The Astronomical Difference in Scale
When we increase a pointer by just 2 bytes (16 bits), the capacity doesn’t just grow—it explodes.
| Pointer Size | Total Bits | Math ($2^n$ Bytes) | Max Addressable Capacity |
|---|---|---|---|
| 6 Bytes | 48 bits | $2^{48}$ | 256 Terabytes |
| 8 Bytes | 64 bits | $2^{64}$ | 16 Exabytes |
How big is 16 Exabytes? To put that in perspective:
- 1 Petabyte = 1,024 Terabytes.
- 1 Exabyte = 1,024 Petabytes.
- 16 Exabytes is roughly 65,536 times larger than 256 Terabytes.
An 8-byte pointer can address more data than almost all the world’s data centers combined today. It is effectively “infinite.”
Why Databases Choose the “Small” 6-Byte Pointer
If 8 bytes is “future-proof” and “infinite,” why choose 6 bytes? It goes back to our 8 KB Page Density.

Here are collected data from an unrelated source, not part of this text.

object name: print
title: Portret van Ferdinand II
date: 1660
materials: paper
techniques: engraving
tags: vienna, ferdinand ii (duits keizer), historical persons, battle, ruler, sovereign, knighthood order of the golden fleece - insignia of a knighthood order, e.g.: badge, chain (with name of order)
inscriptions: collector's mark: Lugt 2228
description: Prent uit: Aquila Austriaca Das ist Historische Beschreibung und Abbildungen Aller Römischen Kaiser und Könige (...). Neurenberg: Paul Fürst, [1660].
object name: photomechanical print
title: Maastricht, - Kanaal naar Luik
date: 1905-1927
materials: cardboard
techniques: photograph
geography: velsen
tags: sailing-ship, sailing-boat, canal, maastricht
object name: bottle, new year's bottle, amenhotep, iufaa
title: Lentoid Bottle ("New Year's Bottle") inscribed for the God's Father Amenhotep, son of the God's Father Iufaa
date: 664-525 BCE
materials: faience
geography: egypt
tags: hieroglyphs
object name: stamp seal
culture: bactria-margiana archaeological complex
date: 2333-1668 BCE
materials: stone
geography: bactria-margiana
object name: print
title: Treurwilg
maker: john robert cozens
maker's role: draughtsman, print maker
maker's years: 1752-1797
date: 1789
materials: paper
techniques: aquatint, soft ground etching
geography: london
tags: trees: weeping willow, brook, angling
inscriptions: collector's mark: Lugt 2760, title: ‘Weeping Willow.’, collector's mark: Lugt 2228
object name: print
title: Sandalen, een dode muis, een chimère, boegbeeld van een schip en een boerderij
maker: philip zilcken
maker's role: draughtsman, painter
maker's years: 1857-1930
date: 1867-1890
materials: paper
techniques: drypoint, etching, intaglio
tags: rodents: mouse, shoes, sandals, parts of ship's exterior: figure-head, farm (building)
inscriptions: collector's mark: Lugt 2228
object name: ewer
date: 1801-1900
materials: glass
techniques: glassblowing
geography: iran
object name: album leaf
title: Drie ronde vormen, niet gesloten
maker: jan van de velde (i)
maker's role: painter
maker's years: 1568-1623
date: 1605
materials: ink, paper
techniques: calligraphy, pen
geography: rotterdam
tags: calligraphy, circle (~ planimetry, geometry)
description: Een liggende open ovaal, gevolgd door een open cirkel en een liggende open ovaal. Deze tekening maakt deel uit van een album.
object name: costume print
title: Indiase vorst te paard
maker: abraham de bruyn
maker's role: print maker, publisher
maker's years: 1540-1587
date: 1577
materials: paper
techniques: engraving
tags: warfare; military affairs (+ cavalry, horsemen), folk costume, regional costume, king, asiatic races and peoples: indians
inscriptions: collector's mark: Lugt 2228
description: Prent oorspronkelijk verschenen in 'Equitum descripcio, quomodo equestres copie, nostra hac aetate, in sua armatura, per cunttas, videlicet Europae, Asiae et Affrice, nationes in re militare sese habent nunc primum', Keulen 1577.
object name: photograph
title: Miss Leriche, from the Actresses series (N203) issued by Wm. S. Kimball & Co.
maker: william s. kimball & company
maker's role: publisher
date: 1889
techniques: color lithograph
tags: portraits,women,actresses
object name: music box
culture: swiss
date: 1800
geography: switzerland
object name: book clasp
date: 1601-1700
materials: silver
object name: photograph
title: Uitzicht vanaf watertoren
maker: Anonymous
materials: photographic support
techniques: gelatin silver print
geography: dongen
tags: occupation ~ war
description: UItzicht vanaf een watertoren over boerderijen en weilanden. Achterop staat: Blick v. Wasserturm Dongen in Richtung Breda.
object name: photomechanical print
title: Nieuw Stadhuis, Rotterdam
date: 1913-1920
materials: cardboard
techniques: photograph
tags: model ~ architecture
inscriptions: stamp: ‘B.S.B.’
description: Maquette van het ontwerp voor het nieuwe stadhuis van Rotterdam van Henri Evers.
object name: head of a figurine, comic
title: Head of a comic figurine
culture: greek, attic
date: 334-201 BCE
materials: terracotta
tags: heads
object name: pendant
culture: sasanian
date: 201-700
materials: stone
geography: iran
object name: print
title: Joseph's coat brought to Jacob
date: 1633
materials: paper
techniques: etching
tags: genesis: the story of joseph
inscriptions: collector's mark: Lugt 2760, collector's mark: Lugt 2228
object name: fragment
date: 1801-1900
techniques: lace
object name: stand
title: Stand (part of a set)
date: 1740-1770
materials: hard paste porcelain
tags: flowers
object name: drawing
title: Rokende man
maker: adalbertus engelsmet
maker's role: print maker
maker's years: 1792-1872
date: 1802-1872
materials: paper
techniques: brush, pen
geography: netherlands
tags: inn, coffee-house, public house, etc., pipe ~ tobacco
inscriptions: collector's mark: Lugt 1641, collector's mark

Let’s assume we are indexing a standard 4-byte Integer ID:
The 8-byte Strategy (Standard):
- Entry = 4B (ID) + 8B (Pointer) = 12 bytes
- Page Capacity = ~682 entries
The 6-byte Strategy (Optimized):
- Entry = 4B (ID) + 6B (Pointer) = 10 bytes
- Page Capacity = ~819 entries
The Decision: Density Over Infinity
Database engineers made a calculated bet:
- The Bet: “Nobody is going to have a single table larger than 256 Terabytes anytime soon.”
- The Reward: By shaving off those 2 bytes, they fit 20% more entries into every single 8 KB page.
Why does this matter? Fitting 20% more entries means the B-Tree is wider. A wider tree is a shorter tree. A shorter tree means the database needs fewer “jumps” to the disk to find your data. In the world of high-performance databases, 20% more density is worth more than 16 Exabytes of unused space.
14. Comparison Summary
| Feature | 6-Byte Disk Pointer | 8-Byte RAM Pointer |
|---|---|---|
| Capacity | 256 TB (Practical) | 16 EB (Infinite) |
| Index Speed | Faster (Higher page density) | Slower (Lower page density) |
| Disk Space | Saved (2 bytes per row) | Wasted (Empty padding) |
| Where it lives | On your Hard Drive / SSD | Inside your CPU / RAM |
Conclusion: The database uses “compressed” 6-byte pointers on the disk to maximize speed, and only “inflates” them to 8-byte pointers when the data enters the CPU to satisfy the hardware’s 64-bit requirement.
15. The “Zero-Padding” Trick: Why we don’t “Under-use” RAM
If the hardware is built for 64-bit (8-byte) “gulping,” aren’t we wasting the CPU’s potential by only giving it 48 bits from the disk? This is where the distinction between Storage Efficiency and Execution Speed becomes vital.
The Shipping Container vs. The Workbench
Think of your Disk as a shipping container and your RAM as a workbench:
- On Disk (The Container): Space is expensive. If we store 64 bits but only use 48, we are shipping “empty air.” By packing only 48 bits (6 bytes), we fit 20% more pointers in the same 8 KB container.
- In RAM (The Workbench): Once the data is on the workbench, the CPU must use its 64-bit “tools” to work.
How the CPU handles 48-bit Pointers
When the database pulls a 6-byte pointer into RAM, it performs a Zero-Padding operation. It places your 48 bits into a 64-bit “register” (a tiny pocket inside the CPU) and fills the remaining 16 bits with zeros:
[00000000 00000000] [48 bits of actual address]
Because a 64-bit CPU is designed to process 64 bits in a single clock cycle, it takes exactly the same amount of time to process this padded number as it would to process a full 64-bit number. We aren’t slowing down the CPU; we are just making the Disk work less.